FACTORS: Set[Tuple] = set(product([1, 0, 0], repeat=3))
def main():
cases = 0 # Count all possible cases (for each input value).
data = list() # List with all final data to be dumped in CSV.
print("number, solution, number_of_solutions")
# Iterate over all initial data.
for eq in INITIAL_DATA:
# Get values before and after the hyphen.
nums, res = eq.split('-')
res = int(res)
# Get combinations with inverted values.
combs = inverter([int(n) for n in list(nums)])
# Iterate over combinations and generate a list with their many possible solutions.
sol_cnt = 0 # Number of solutions (for each input value).
solutions = list() # List with all final data to be dumped in CSV.
for i in [solve(i, FUNCTIONS) for i in combs]:
for j in i:
str_repr, value = j
# Some values exceed the 4300 digits, hence the 'try-catch'.
# The function 'sys.set_int_max_str_digits()' may be used instead to increase the str() capabilites.
try:
str(value)
except ValueError:
value = np.inf
if value == res:
sol_cnt += 1
solutions.append((eq, str_repr, value))
cases += 1
# Iterate over all data gathered, and add number of solutions.

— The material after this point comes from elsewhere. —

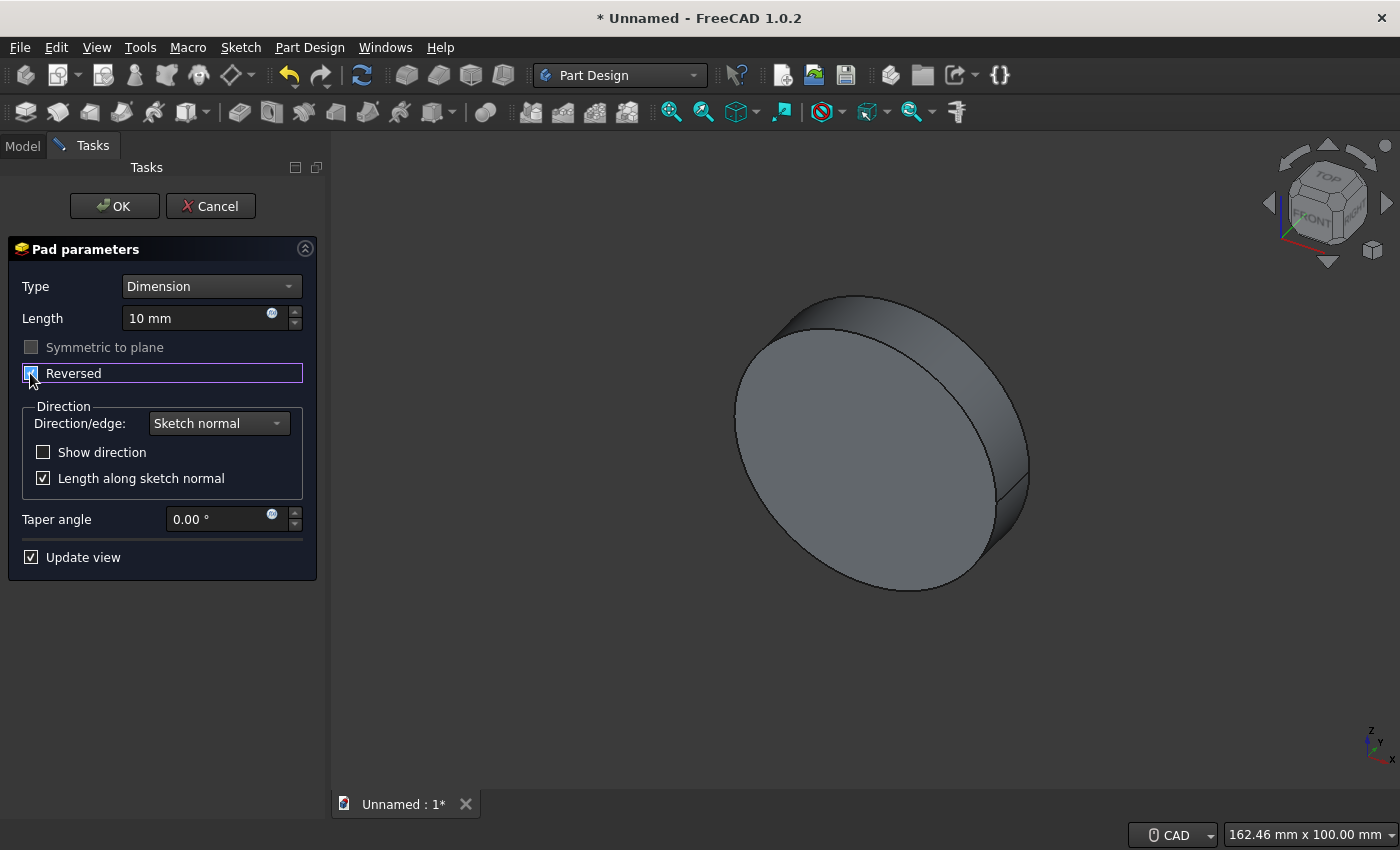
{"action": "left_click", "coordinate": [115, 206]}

for i in range(len(solutions)):
eq, str_repr, value = solutions[i]
solutions[i] += (sol_cnt,)
print(f"{eq}, {str_repr} = {value}, {sol_cnt}")
data.extend(solutions)
# Print all the solutions for this input.
print(f"\nThese are the {sol_cnt} solutions for input {eq}:")
solutions = [s for s in solutions if (type(s[2]) is int and s[2] == res)]
for i in range(len(solutions)):
print(f" {i:4}. {solutions[i][1]}")
print()
print(f"\nTotal cases: {cases}")
And for the output, note that solutions are printed/formatted using the name of your functions, not mathematical operators. This is just an excerpt of the output generated for the first value in initial_data using factorials in the 1st and 3rd digits:
number, solution, number_of_solutions
518-2, plus(plus(5!, 1), 8!) = 40441, 12
518-2, plus(5!, plus(1, 8!)) = 40441, 12
518-2, plus(minus(5!, 1), 8!) = 40439, 12
518-2, plus(5!, minus(1, 8!)) = -40199, 12
518-2, plus(mult(5!, 1), 8!) = 40440, 12
518-2, plus(5!, mult(1, 8!)) = 40440, 12
518-2, plus(div(5!, 1), 8!) = 40440, 12
518-2, plus(5!, div(1, 8!)) = 120, 12
518-2, plus(power_to(5!, 1), 8!) = 40440, 12
518-2, plus(5!, power_to(1, 8!)) = 121, 12
518-2, plus(root(5!, 1), 8!) = 40321, 12
518-2, plus(5!, root(1, 8!)) = 40440, 12
...
These are the 12 solutions for input 518-2:
0. plus(minus(-5, 1!), 8)
1. minus(-5, minus(1!, 8))
2. plus(minus(-5, 1), 8)
3. minus(-5, minus(1, 8))
4. minus(-5, plus(1!, -8))
5. minus(minus(-5, 1!), -8)
6. minus(-5, plus(1, -8))
7. minus(minus(-5, 1), -8)
8. plus(plus(-5, -1), 8)
9. plus(-5, plus(-1, 8))
10. plus(-5, minus(-1, -8))
11. minus(plus(-5, -1), -8)
Total cases: 4608
Note that 4608 cases were processed just for the first value in initial_data, so I recommend you to try with this one first and then add the rest, as for some cases it could take a lot of processing time.
Also, I noticed that you are truncating the values in div() and root() so bear it in mind. You will see lots of nan and inf in the full output because there are huge values and conditions like div/0, so it's expected.